Es nieselte. Die Stöcker erwiesen sich als schnitzresistent. Langsam verheilen die Schnittwunden. Fortschritt, das ist nicht Waldbodenfrost, sondern Zentralheizung und eine Steckdose voller Ökostrom, der unseren Technologiepark antreibt. Er müsse noch eine Runde „Pflanzen gegen Zombies“ spielen, erklärt Hans, sonst könne er sich am Montag auf dem Schulhof nicht blicken lassen.

Klingt nach anspruchsvollem Lernspiel. Wenn alle anderen Eltern ihre Kinder mit Internetspielen coachen, sollten wir unsere Zukunft nicht mit altmodischen Sachen wie Wasserfarben gefährden. Verblödung kann man reparieren, Isolation aber erzeugt lebenslanges Trauma.

Wichtig ist allerdings der dazugehörige Koalitionsvertrag: Bringt der junge Mann Bestnoten, verzichtet er auf morgendliches Trödeln, nimmt er gar ein Vitamin zu sich, dann darf er wochenends jene Minuten abdaddeln, die er zuvor Gitarre geübt hat. Kollateralnutzen: Es herrscht Ruhe, wenn Ohrstöpsel das Gedudel dämpfen. So kann ich mir eine Runde „Papa gegen Sofa“ gönnen.

Ein verschwitzter Kinderfinger in meinem Ohr weckte mich unlängst. Hans hat den Stöpsel entfernt. Er säuselt Zärtlichkeiten wie „...bester Papa der Welt...“. Klingt nach emotionaler Korruption. Aufgeregt erklärt mir Hans, dass sein Dorf zerstört werde, wenn er erst am nächsten Wochenende wieder spielen dürfe. Einige Erklärungen später verstand ich das durchtriebene Geschäftsmodell: Das Online-Spiel ist gratis; erhalten wird das Erbaute aber nur durch tägliche Rückkehr oder durch gebührenpflichtige Schutzmaßnahmen, die das Taschengeld übersteigen.
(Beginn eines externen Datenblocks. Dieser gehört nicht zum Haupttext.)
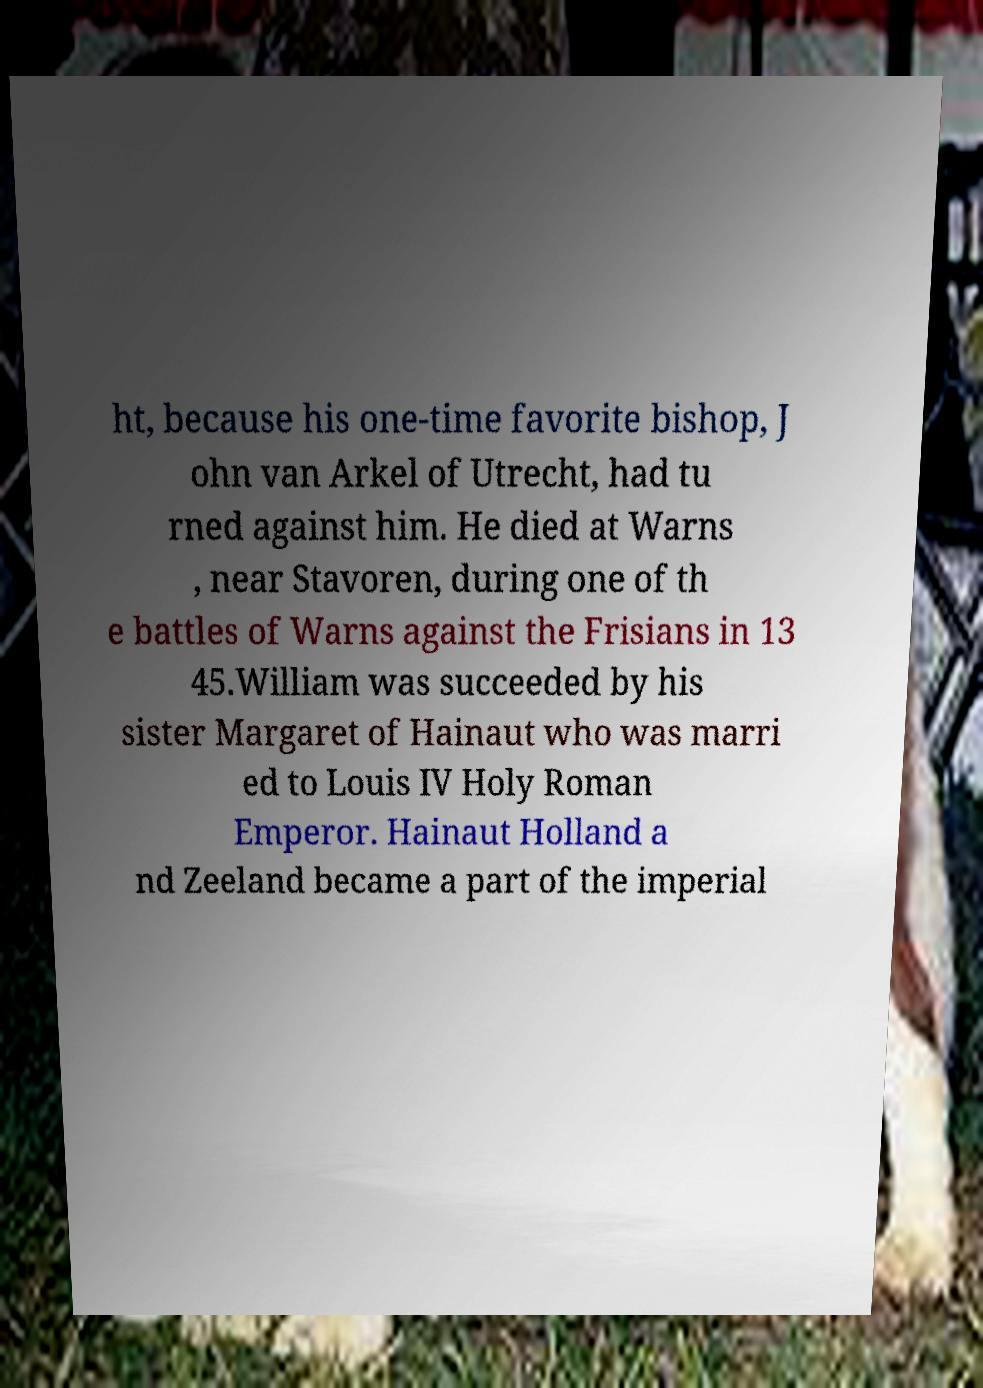There's text embedded in this image that I need extracted. Can you transcribe it verbatim? ht, because his one-time favorite bishop, J ohn van Arkel of Utrecht, had tu rned against him. He died at Warns , near Stavoren, during one of th e battles of Warns against the Frisians in 13 45.William was succeeded by his sister Margaret of Hainaut who was marri ed to Louis IV Holy Roman Emperor. Hainaut Holland a nd Zeeland became a part of the imperial 
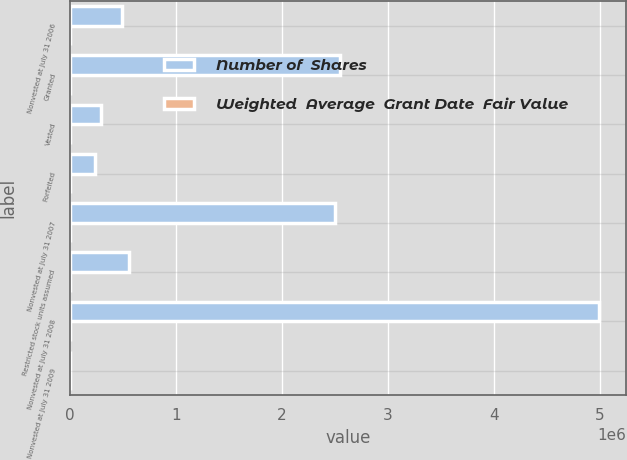<chart> <loc_0><loc_0><loc_500><loc_500><stacked_bar_chart><ecel><fcel>Nonvested at July 31 2006<fcel>Granted<fcel>Vested<fcel>Forfeited<fcel>Nonvested at July 31 2007<fcel>Restricted stock units assumed<fcel>Nonvested at July 31 2008<fcel>Nonvested at July 31 2009<nl><fcel>Number of  Shares<fcel>488236<fcel>2.54834e+06<fcel>292401<fcel>239489<fcel>2.50469e+06<fcel>561887<fcel>4.99733e+06<fcel>30.59<nl><fcel>Weighted  Average  Grant Date  Fair Value<fcel>23.03<fcel>30.59<fcel>23.73<fcel>30.54<fcel>29.88<fcel>29.78<fcel>29.29<fcel>27.06<nl></chart>

„Wie wäre es, wenn wir deine Gitarrenminuten in Waldspaziergängen verrechnen?“, fragte ich vorsichtig. Hans winkte mit dem Pflasterfinger. Der kleine Schlauberger wusste, dass er mich in der Falle hatte: Geld her oder der Koalitionsvertrag war dahin. Na gut, ich zahlte - „aber nur dies eine Mal“. Hans grinste. Er wusste, dass er bis in alle Ewigkeit eine soziale Wohltat erobert hatte. Es ist wie mit Chips oder Pkw-Maut: Hat man einmal angefangen, gibt es kein Zurück mehr. So verspielen wir das Erbe unserer Kinder.